Two-year survival and neurological outcome of in-hospital cardiac arrest patients rescued by extracorporeal cardiopulmonary resuscitation.
Int J Cardiol. 2013 May 9;
Authors: Shin TG, Jo IJ, Sim MS, Song YB, Yang JH, Hahn JY, Choi SH, Gwon HC, Jeon ES, Sung K, Lee YT, Choi JH
BACKGROUND: The clinical benefit of extracorporeal cardiopulmonary resuscitation (E-CPR) has been proved in short-term follow-up studies. However, the benefit of E-CPR beyond 1year has been not known. We investigated 2-year outcome of patients who received E-CPR or conventional CPR (C-CPR).
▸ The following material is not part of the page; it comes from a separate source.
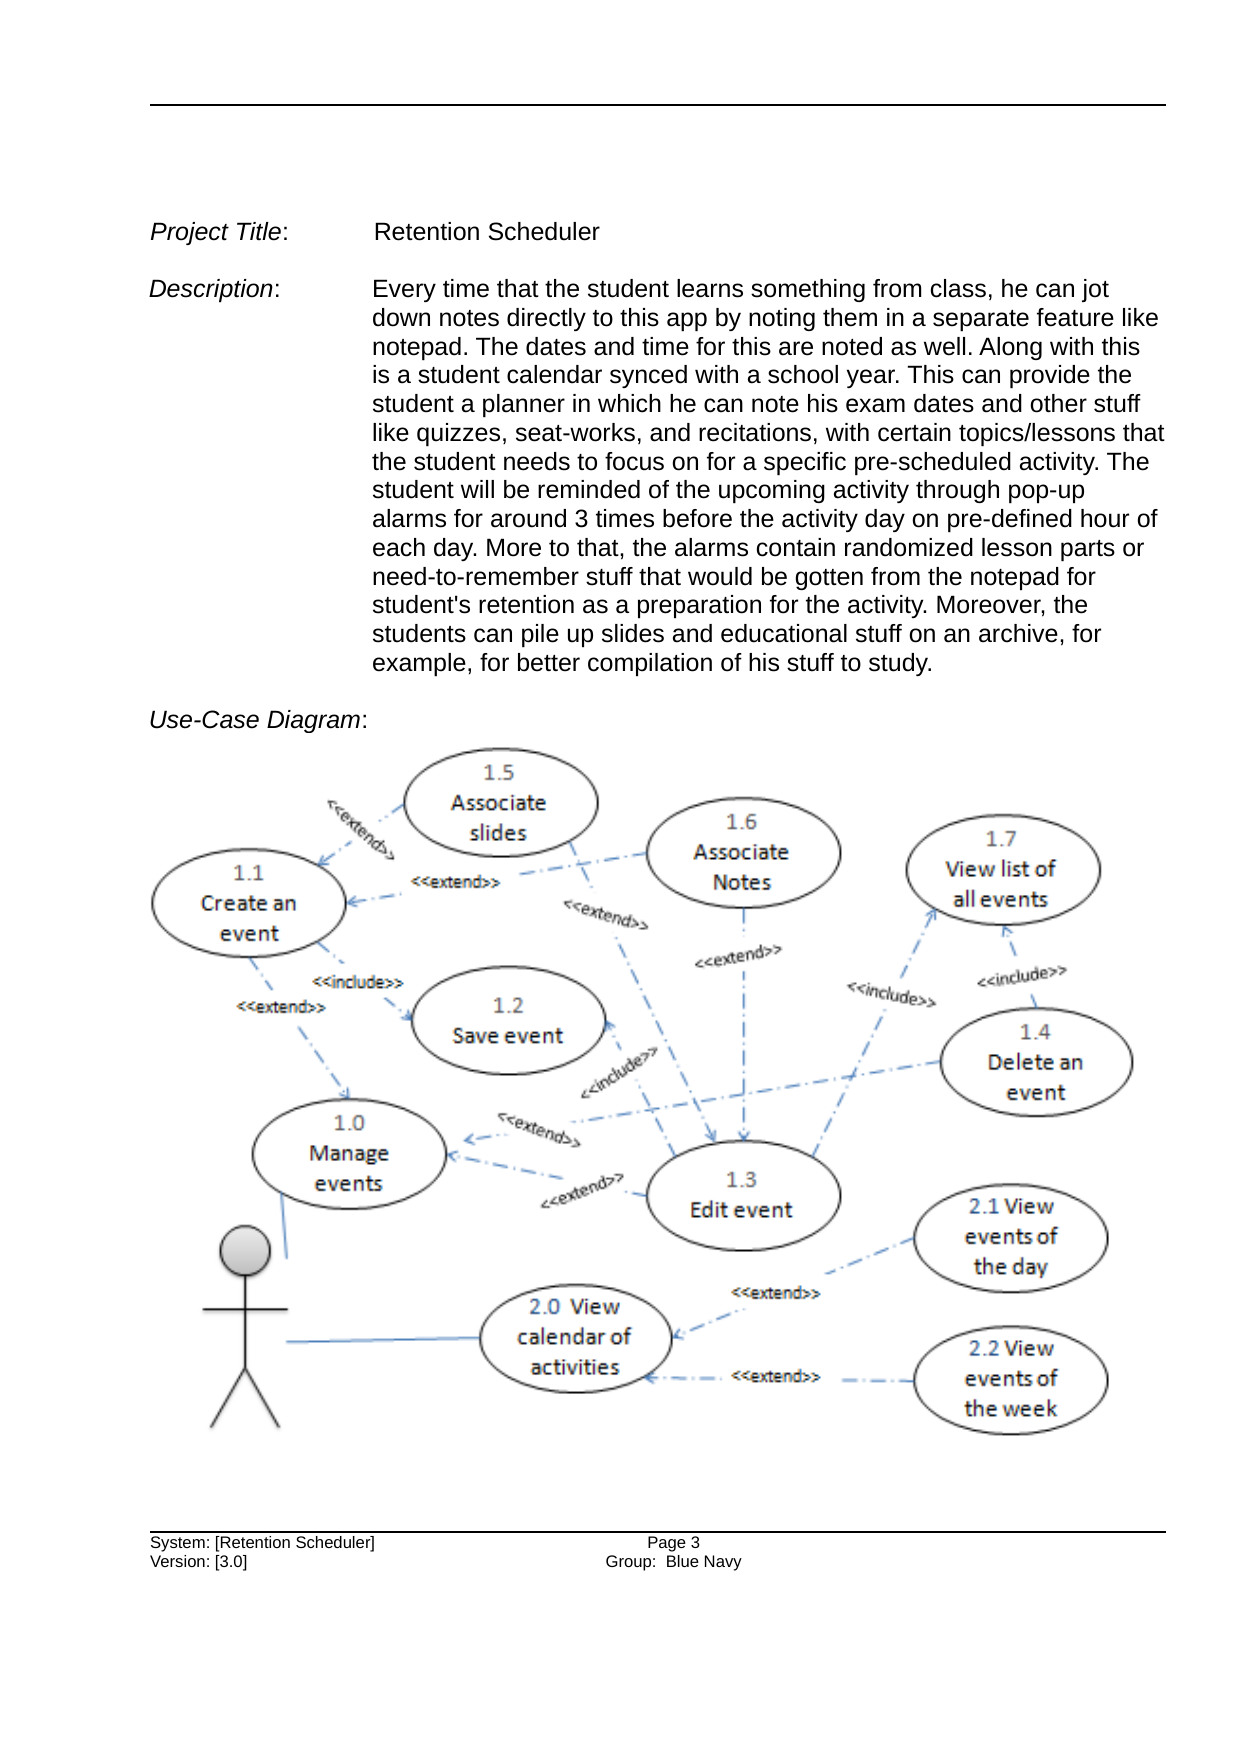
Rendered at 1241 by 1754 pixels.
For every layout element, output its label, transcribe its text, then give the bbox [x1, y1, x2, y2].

METHODS: We analyzed a total of 406 adult in-hospital cardiac arrest victims who underwent CPR for more than 10min from 2003 to 2009. The two-year survival and neurological outcome of E-CPR (n=85) and C-CPR (n=321) were compared using propensity score-matched analysis. RESULTS: The 2-year survival with minimal neurological impairment was 4-fold higher in the E-CPR group than the C-CPR group (23.5% versus 5.9%, hazard ratio (HR)=0.57, 95% confidence interval (CI)=0.43-0.75, p<0.001) by unadjusted analysis. After propensity-score matching, it was still 4-fold higher in the E-CPR group than the C-CPR group (20.0% versus 5.0%, HR=0.53, 95% CI=0.36-0.80, p=0.002). In the E-CPR group, the independent predictors associated with minimal neurological impairment were age ≤65years (HR=0.46; 95% CI=0.26-0.81; p=0.008), CPR duration ≤35min (HR=0.37; 95% CI=0.18-0.76; p=0.007), and subsequent cardiovascular intervention including coronary intervention or cardiac surgery (HR=0.36; 95% CI=0.18-0.68; p=0.002). CONCLUSIONS: The initial survival benefit of E-CPR for cardiac arrest patients persisted at 2years.